Dontari Poe: Veteran Kansas City Chief, rookie tech investor

Bobby Burch

Quarterbacks know the Kansas City Chiefs’ Dontari Poe as the hulking 346-pound defensive lineman that’s planning to smash their offensive aspirations.

But the tech community may want to acquaint themselves with Poe as a forward-thinking investor that is starting to evaluate deals around the nation. The two-time Pro Bowl selection recently invested in Lab Sensor Solutions, a company based in Redwood City, Calif., that created mobile sensors to track the temperature and location of laboratory samples.

While Poe is still learning the Xs and Os of tech investing, his first startup investment was spurred on by his vision of the future.

“Tech is all around us,” Poe said. “The top companies in the stock market are all tech companies. I’m investing because that’s the way that the world is moving. Everything we do now is based on technology. The younger generation is all about tech. I feel like there is growth everywhere in tech.”

So what prospective investment opportunities pique Poe’s interest? He said that he eyes companies that help people. And if the firms can’t easily communicate what they do, Poe added, there’s little chance he would back it.

“What it comes down to is how easily the company can explain what they do — nothing is that complicated that you can’t explain to someone like your grandmother,” Poe said. “The companies that I like are the ones that can explain what they do in a language that I understand. … That’s how we do it on the field. Break it down into simple pieces that everyone can understand. Tech is no different. Companies are no different.”
Poe said that a quality team is also an important component to his investment decisions. While it must solve a real problem, the team must believe in the company mission beyond just making money.

Adaptability is a key attribute as well, he said.
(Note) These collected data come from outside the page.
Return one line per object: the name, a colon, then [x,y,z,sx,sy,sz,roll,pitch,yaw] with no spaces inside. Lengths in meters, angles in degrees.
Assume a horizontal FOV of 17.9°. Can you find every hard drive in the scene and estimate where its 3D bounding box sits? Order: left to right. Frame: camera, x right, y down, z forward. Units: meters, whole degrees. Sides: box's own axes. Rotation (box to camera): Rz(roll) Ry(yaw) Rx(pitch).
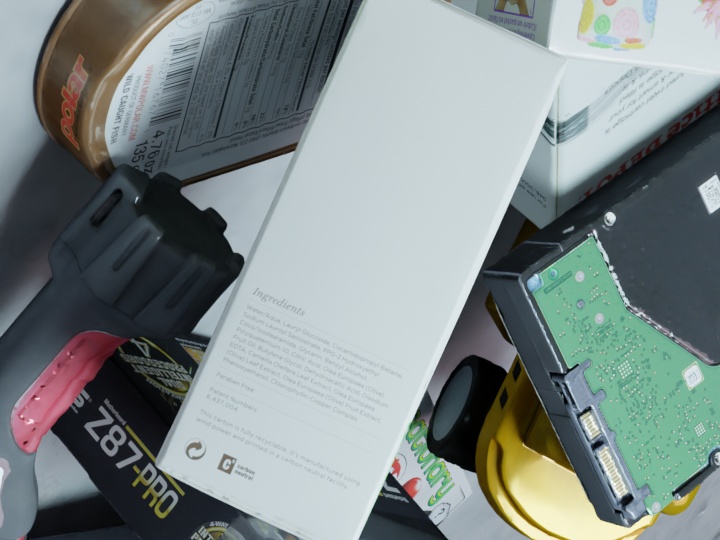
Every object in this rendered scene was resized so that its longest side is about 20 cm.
hard drive: [0.164,0.009,1.073,0.200,0.038,0.140,-35,109,-24]

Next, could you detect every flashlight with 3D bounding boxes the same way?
flashlight: [-0.123,0.050,0.920,0.200,0.068,0.068,-46,152,24]

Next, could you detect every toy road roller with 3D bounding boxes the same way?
toy road roller: [0.133,0.047,1.158,0.201,0.122,0.146,-64,-167,-3]

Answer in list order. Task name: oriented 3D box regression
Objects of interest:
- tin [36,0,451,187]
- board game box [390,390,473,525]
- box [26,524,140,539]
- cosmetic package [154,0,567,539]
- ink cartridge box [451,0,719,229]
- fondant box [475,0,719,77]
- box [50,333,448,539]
tin: [-0.040,-0.092,0.922,0.199,0.042,0.112,-21,147,-39]
board game box: [-0.010,0.116,1.234,0.126,0.035,0.200,-43,152,-9]
box: [-0.109,0.200,1.089,0.199,0.115,0.132,-3,140,-42]
cosmetic package: [0.000,0.000,0.876,0.108,0.084,0.201,77,38,-86]
ink cartridge box: [0.114,-0.130,1.034,0.146,0.083,0.201,-36,150,-20]
fondant box: [0.130,-0.179,0.895,0.143,0.058,0.202,3,99,-32]
box: [-0.046,0.097,1.024,0.049,0.161,0.200,-47,152,13]

“Like in football, things can change and a good team can read the offense or defense and adjust their game,” Poe said. “That’s important. Teams need to be open to change when it makes sense. Be flexible.”

Poe isn’t the only high-profile or former athlete that moonlights as an investor. He joins the likes of LeBron James, Roger Federer, Magic Johnson, Michael Jordan and Tiger Woods as athletes that also make investments.

Beyond an interest in tech investment, Poe also is hoping to make an impact in the Kansas City entrepreneurial community. In addition to educating himself on the area entrepreneurial community, the 26-year-old is launching Poe Man’s Challenge, a competition that pairs up 8 area startups with 30 high school students to “sell” the founders’ company to celebrity judges.

Set for Dec. 13 at Think Big Partners, Poe said the challenge aims to educate and inspire.

“Startups are everywhere,” he said. “It’s important that kids get exposed to what startups are all about. It will put them in a good position. I feel that they’ll be ahead of me, at my age, if they start now. … Even if they never do a startup, learning how to pitch is an important life skill. We are always pitching ourselves for all sorts of things.”